Learning Geometrically-Grounded 3D Visual Representations for View-Generalizable Robotic Manipulation

Real-world robotic manipulation demands visuomotor policies capable of robust spatial scene understanding and strong generalization across diverse camera viewpoints. While recent advances in 3D-aware visual representations have shown promise, they still suffer from several key limitations, including reliance on multi-view observations during inference which is impractical in single-view restricted scenarios, incomplete scene modeling that fails to capture holistic and fine-grained geometric structures essential for precise manipulation, and lack of effective policy training strategies to retain and exploit the acquired 3D knowledge. To address these challenges, we present MethodName, a unified representation-policy learning framework for view-generalizable robotic manipulation. MethodName introduces a single-view 3D pretraining paradigm that leverages point cloud reconstruction and feed-forward gaussian splatting under multi-view supervision to learn holistic geometric representations. During policy learning, MethodName performs multi-step distillation to preserve the pretrained geometric understanding and effectively transfer it to manipulation skills. We conduct experiments on 12 RLBench tasks, where our approach outperforms the previous state-of-the-art method by 12.7% in average success rate. Further evaluation on six representative tasks demonstrates strong zero-shot view generalization, with success rate drops of only 22.0% and 29.7% under moderate and large viewpoint shifts respectively, whereas the state-of-the-art method suffers larger decreases of 41.6% and 51.5%.

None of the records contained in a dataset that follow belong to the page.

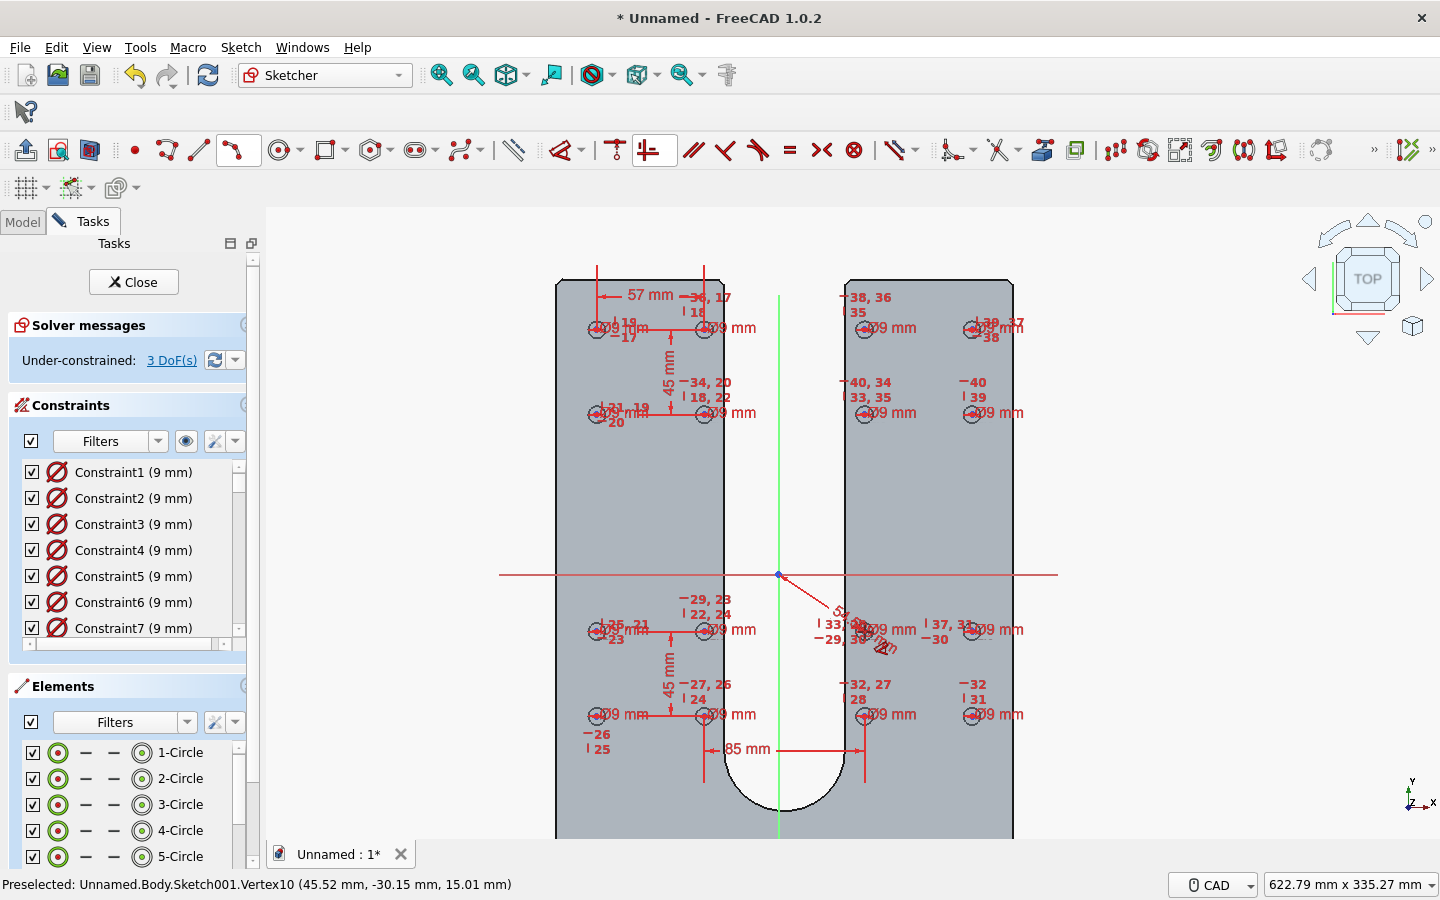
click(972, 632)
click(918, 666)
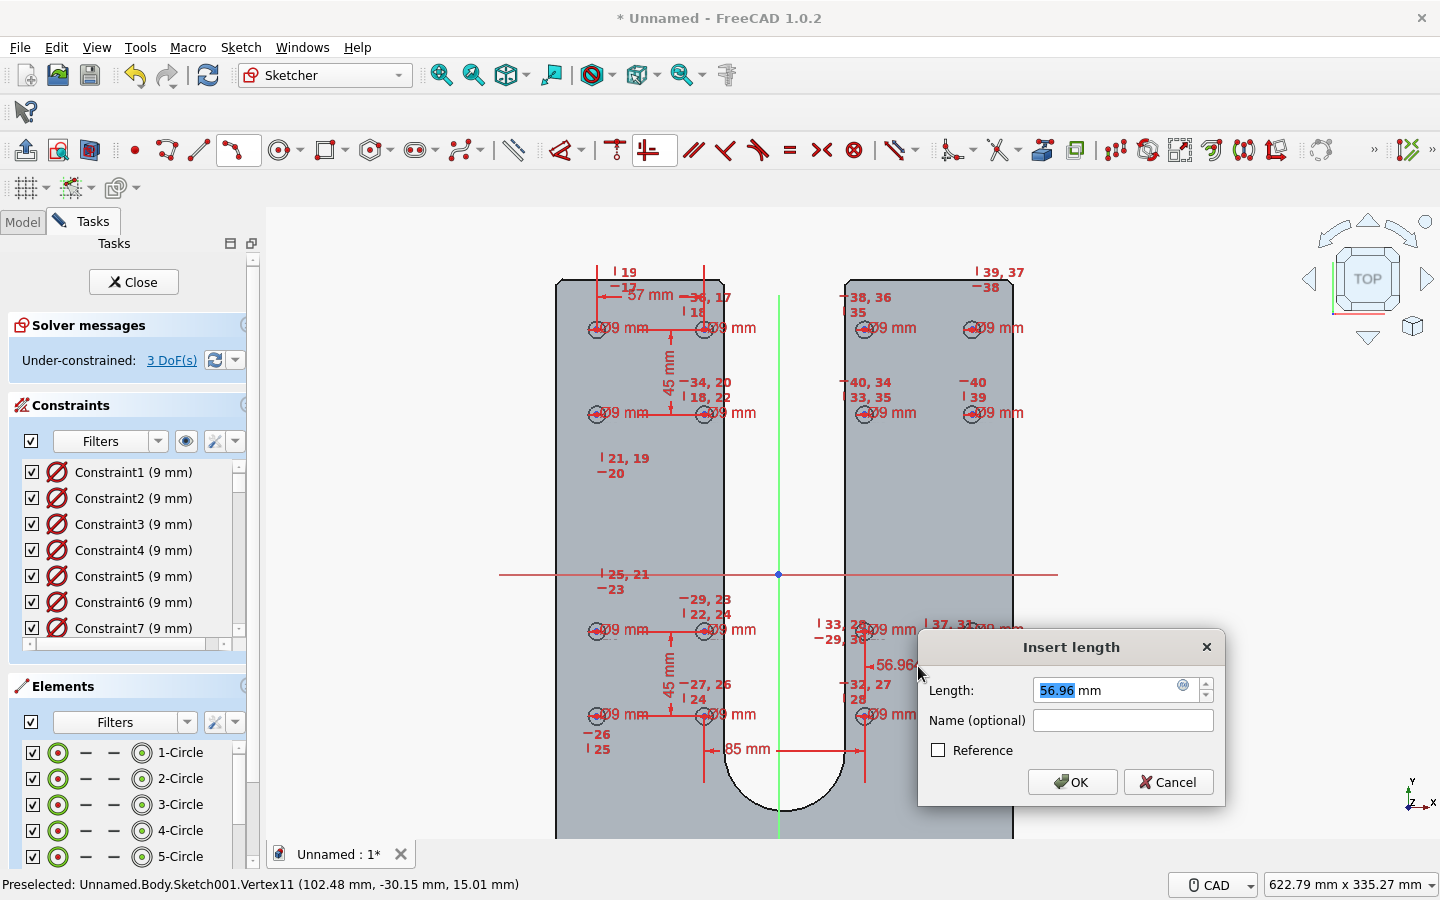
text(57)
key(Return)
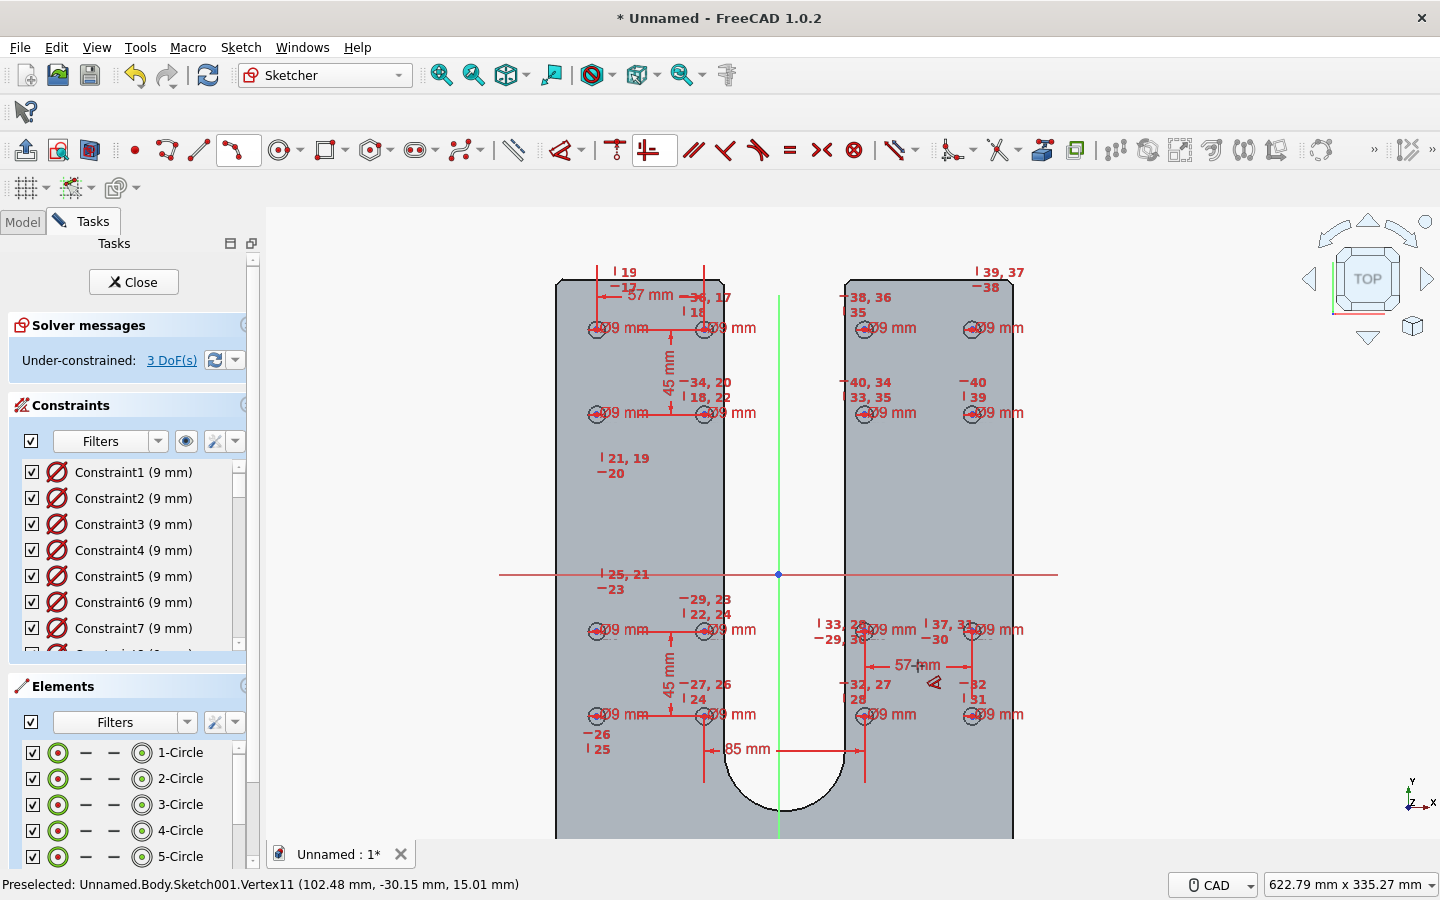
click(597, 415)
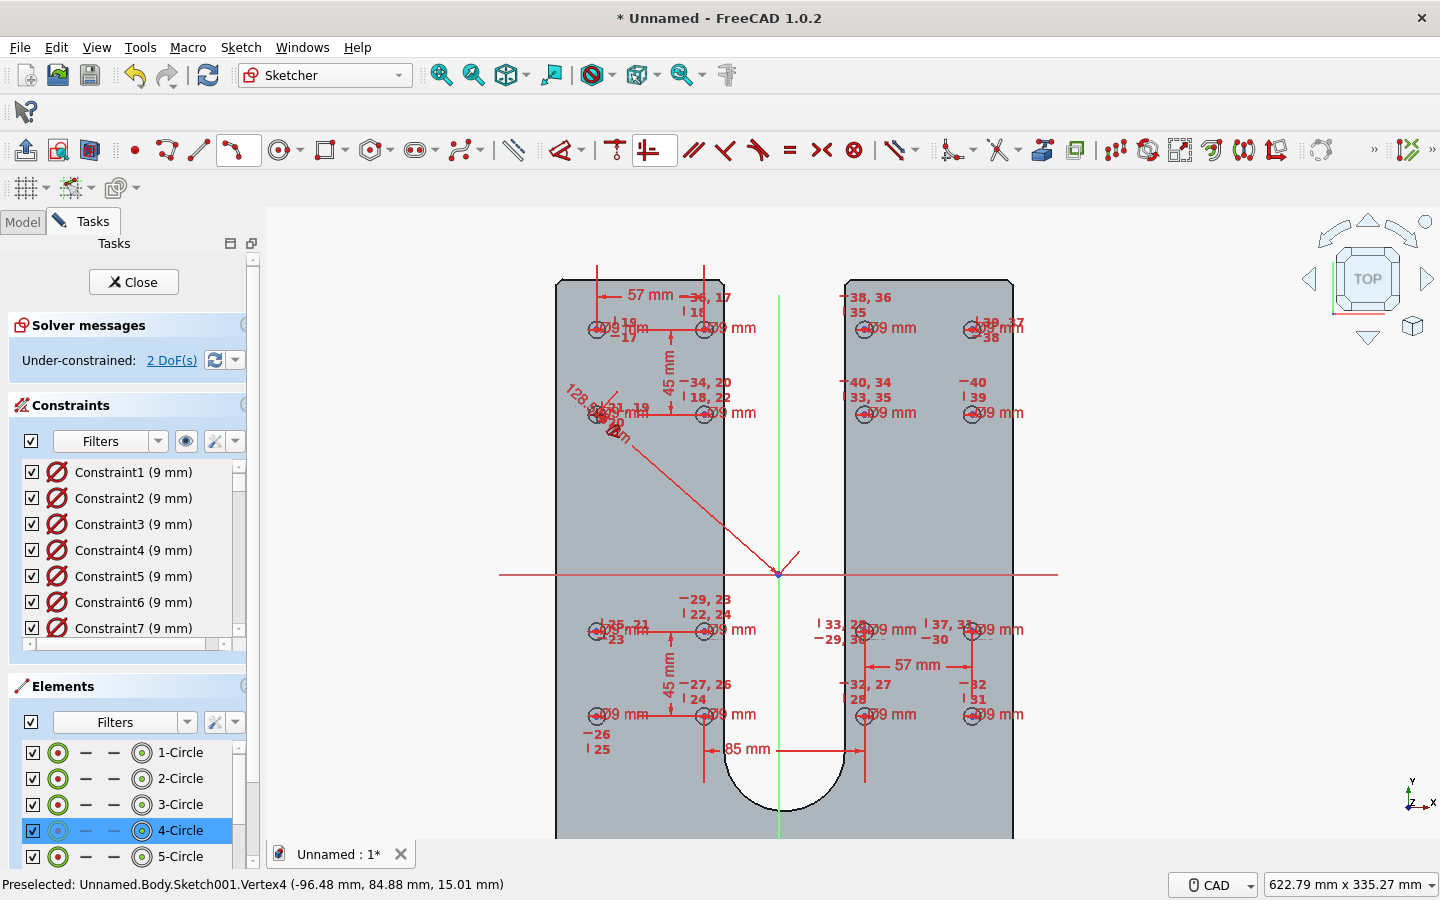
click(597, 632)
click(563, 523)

翻译：现实世界的机器人操作要求视觉运动策略具备鲁棒的空间场景理解能力，并能在不同的相机视角间实现强泛化。尽管三维感知视觉表征的最新进展显示出潜力，但它们仍存在若干关键局限，包括推理时依赖多视角观测（这在单视角受限场景中不切实际）、不完整的场景建模（未能捕捉对精确操作至关重要的整体和细粒度几何结构），以及缺乏有效的策略训练策略来保留和利用习得的三维知识。为应对这些挑战，我们提出了MethodName，一个用于视角通用机器人操作的统一表征-策略学习框架。MethodName引入了一种单视角三维预训练范式，该范式利用点云重建和前馈高斯溅射技术，在多视角监督下学习整体几何表征。在策略学习阶段，MethodName执行多步蒸馏以保留预训练的几何理解，并将其有效迁移至操作技能。我们在12个RLBench任务上进行了实验，结果显示我们的方法在平均成功率上比先前的最先进方法高出12.7%。在六个代表性任务上的进一步评估展示了强大的零样本视角泛化能力：在中等和大幅视角变化下，成功率分别仅下降22.0%和29.7%，而最先进方法的下降幅度更大，分别为41.6%和51.5%。